Pora, 38, has spent 21 years behind bars for the 1992 rape and murder of Susan Burdett in Auckland.
Earlier this month the Court of Appeal ruled it didn't have jurisdiction to grant bail and referred the matter back to the High Court.
Justice Graham Lang said that after considering case law in New Zealand, England and Australia, the High Court concluded that at present there was no recognised jurisdiction to grant bail to a sentenced prisoner pending appeal to the Privy Council, although that was a position that may need to be reconsidered in the future.

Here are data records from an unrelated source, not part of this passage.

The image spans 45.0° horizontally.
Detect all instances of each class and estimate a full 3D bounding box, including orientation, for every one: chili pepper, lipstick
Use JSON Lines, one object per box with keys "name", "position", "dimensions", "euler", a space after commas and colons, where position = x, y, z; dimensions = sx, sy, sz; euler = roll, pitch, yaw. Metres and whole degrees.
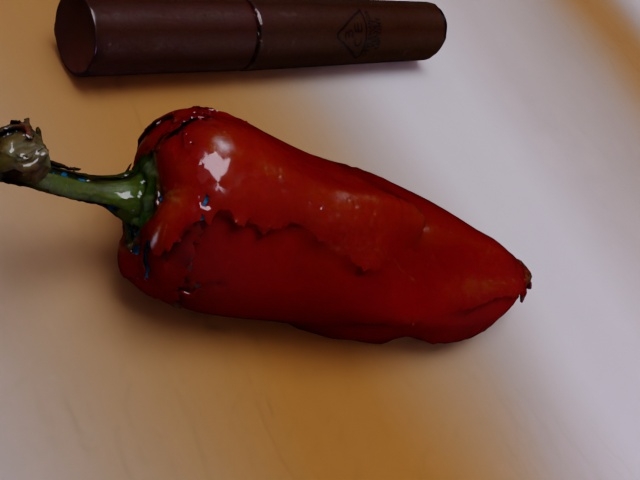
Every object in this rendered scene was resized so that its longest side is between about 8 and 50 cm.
{"name": "chili pepper", "position": [0.000, 0.000, 0.454], "dimensions": [0.387, 0.110, 0.110], "euler": [14, 48, -33]}
{"name": "lipstick", "position": [-0.027, -0.161, 0.599], "dimensions": [0.356, 0.057, 0.057], "euler": [-14, 65, -42]}
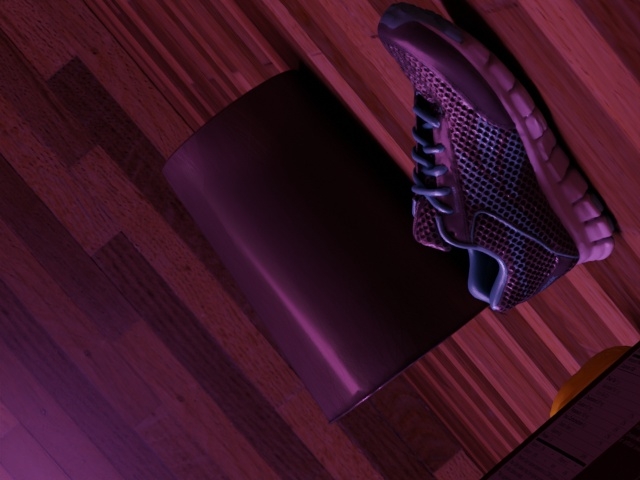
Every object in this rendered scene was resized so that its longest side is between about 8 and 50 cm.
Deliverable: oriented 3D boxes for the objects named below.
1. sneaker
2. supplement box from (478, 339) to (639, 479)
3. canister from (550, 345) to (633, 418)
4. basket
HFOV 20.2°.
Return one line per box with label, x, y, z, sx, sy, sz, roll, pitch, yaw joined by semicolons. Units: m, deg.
sneaker;0.067;-0.031;0.804;0.166;0.076;0.065;52;174;-28
supplement box;0.157;0.152;0.687;0.191;0.194;0.129;50;176;-7
canister;0.203;0.134;0.908;0.126;0.073;0.170;51;174;-27
basket;0.000;0.000;1.325;0.227;0.154;0.204;53;175;3
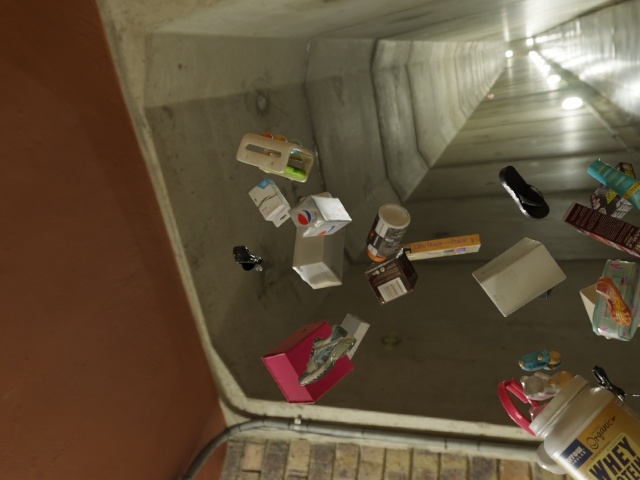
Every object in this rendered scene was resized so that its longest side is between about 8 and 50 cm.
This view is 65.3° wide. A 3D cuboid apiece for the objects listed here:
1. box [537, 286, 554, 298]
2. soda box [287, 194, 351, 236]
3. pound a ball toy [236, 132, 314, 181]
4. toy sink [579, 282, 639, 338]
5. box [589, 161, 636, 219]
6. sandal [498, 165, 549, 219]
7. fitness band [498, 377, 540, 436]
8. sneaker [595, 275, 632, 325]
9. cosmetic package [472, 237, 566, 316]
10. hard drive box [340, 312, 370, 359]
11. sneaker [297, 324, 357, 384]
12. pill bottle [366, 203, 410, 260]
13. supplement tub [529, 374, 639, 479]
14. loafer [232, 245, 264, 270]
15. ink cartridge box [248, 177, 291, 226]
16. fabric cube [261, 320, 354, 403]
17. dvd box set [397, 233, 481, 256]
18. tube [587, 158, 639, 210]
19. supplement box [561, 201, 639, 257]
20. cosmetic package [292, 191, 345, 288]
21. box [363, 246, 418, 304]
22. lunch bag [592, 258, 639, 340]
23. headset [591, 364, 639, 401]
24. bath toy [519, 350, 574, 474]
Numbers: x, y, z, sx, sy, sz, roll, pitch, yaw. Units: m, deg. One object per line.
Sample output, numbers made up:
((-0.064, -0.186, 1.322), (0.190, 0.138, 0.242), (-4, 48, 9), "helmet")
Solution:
((0.833, 0.160, 1.986), (0.158, 0.156, 0.093), (-20, -72, -54), "box")
((0.004, -0.077, 1.604), (0.098, 0.091, 0.286), (59, -162, 8), "soda box")
((-0.152, -0.312, 1.841), (0.208, 0.319, 0.136), (16, -85, -48), "pound a ball toy")
((1.156, 0.287, 1.967), (0.234, 0.153, 0.131), (61, -170, -18), "toy sink")
((1.401, -0.205, 2.383), (0.270, 0.060, 0.216), (100, 180, -56), "box")
((0.715, -0.159, 1.731), (0.254, 0.054, 0.097), (37, -111, -22), "sandal")
((0.890, 0.735, 2.200), (0.291, 0.054, 0.209), (39, -147, -17), "fitness band")
((0.933, 0.190, 1.572), (0.067, 0.064, 0.175), (-37, -80, -41), "sneaker")
((0.644, 0.114, 1.640), (0.138, 0.224, 0.224), (53, -168, 2), "cosmetic package")
((0.147, 0.507, 2.599), (0.232, 0.089, 0.181), (-59, -24, -2), "hard drive box")
((0.008, 0.445, 1.945), (0.122, 0.283, 0.110), (47, -176, 20), "sneaker")
((0.257, -0.021, 1.976), (0.246, 0.130, 0.130), (107, 179, -50), "pill bottle")
((0.708, 0.512, 1.229), (0.228, 0.316, 0.228), (-30, -36, -25), "supplement tub")
((-0.288, 0.087, 1.992), (0.223, 0.076, 0.078), (49, -142, -65), "loafer")
((-0.204, -0.156, 2.064), (0.180, 0.104, 0.060), (56, -164, 15), "ink cartridge box")
((-0.060, 0.550, 2.251), (0.258, 0.254, 0.259), (-32, -87, -34), "fabric cube")
((0.603, 0.042, 2.583), (0.307, 0.420, 0.062), (27, -124, -73), "dvd box set")
((0.936, -0.179, 1.555), (0.052, 0.080, 0.207), (25, -161, -49), "tube")
((0.876, -0.028, 1.510), (0.130, 0.239, 0.073), (21, -79, -34), "supplement box")
((0.000, 0.000, 2.261), (0.217, 0.156, 0.385), (48, -144, -49), "cosmetic package")
((0.323, 0.158, 2.265), (0.167, 0.168, 0.203), (60, -158, -3), "box")
((1.038, 0.202, 1.740), (0.224, 0.108, 0.279), (15, -95, -43), "lunch bag")
((1.009, 0.350, 1.438), (0.185, 0.394, 0.243), (51, -149, 12), "headset")
((0.699, 0.512, 1.488), (0.129, 0.151, 0.348), (36, -135, -37), "bath toy")

"It is common ground that Mr Pora does not have a statutory right to apply for bail pending determination of his appeal by the Privy Council.
"His position is therefore in marked contrast to that of an appellant who has appealed against conviction or sentence to the New Zealand Court of Appeal or Supreme Court.''
The Bail Act permitted anyone who had lodged an appeal to those courts to be granted bail prior their appeal, however the act did not contain a similar provision for appeals to the Privy Council, Justice Lang said.
His application for bail was therefore dismissed.
At his first trial in 1994, Pora was found guilty of the murder of Ms Burdett, who was beaten with a softball bat in the bedroom of her south Auckland home in 1992.
Pora had confessed to police but a retrial was ordered as doubts began to emerge about his involvement.
However, at the retrial in 2000, Pora was again found guilty.
After Pora's first trial, serial rapist Malcolm Rewa was convicted of raping Ms Burdett.
His DNA was found at the scene and at Pora's re-trial the Crown argued the two acted together.
But Pora's lawyer Jonathan Krebs said that ignored the fact they were associated with rival gangs and that Rewa had an erectile dysfunction problem.
That the re-trial jury was not told of Rewa's problem was down to error on the part of Pora's then lawyer, he said.
Pora is due to appear before the Parole Board on Monday and will face the Privy Council in October or November.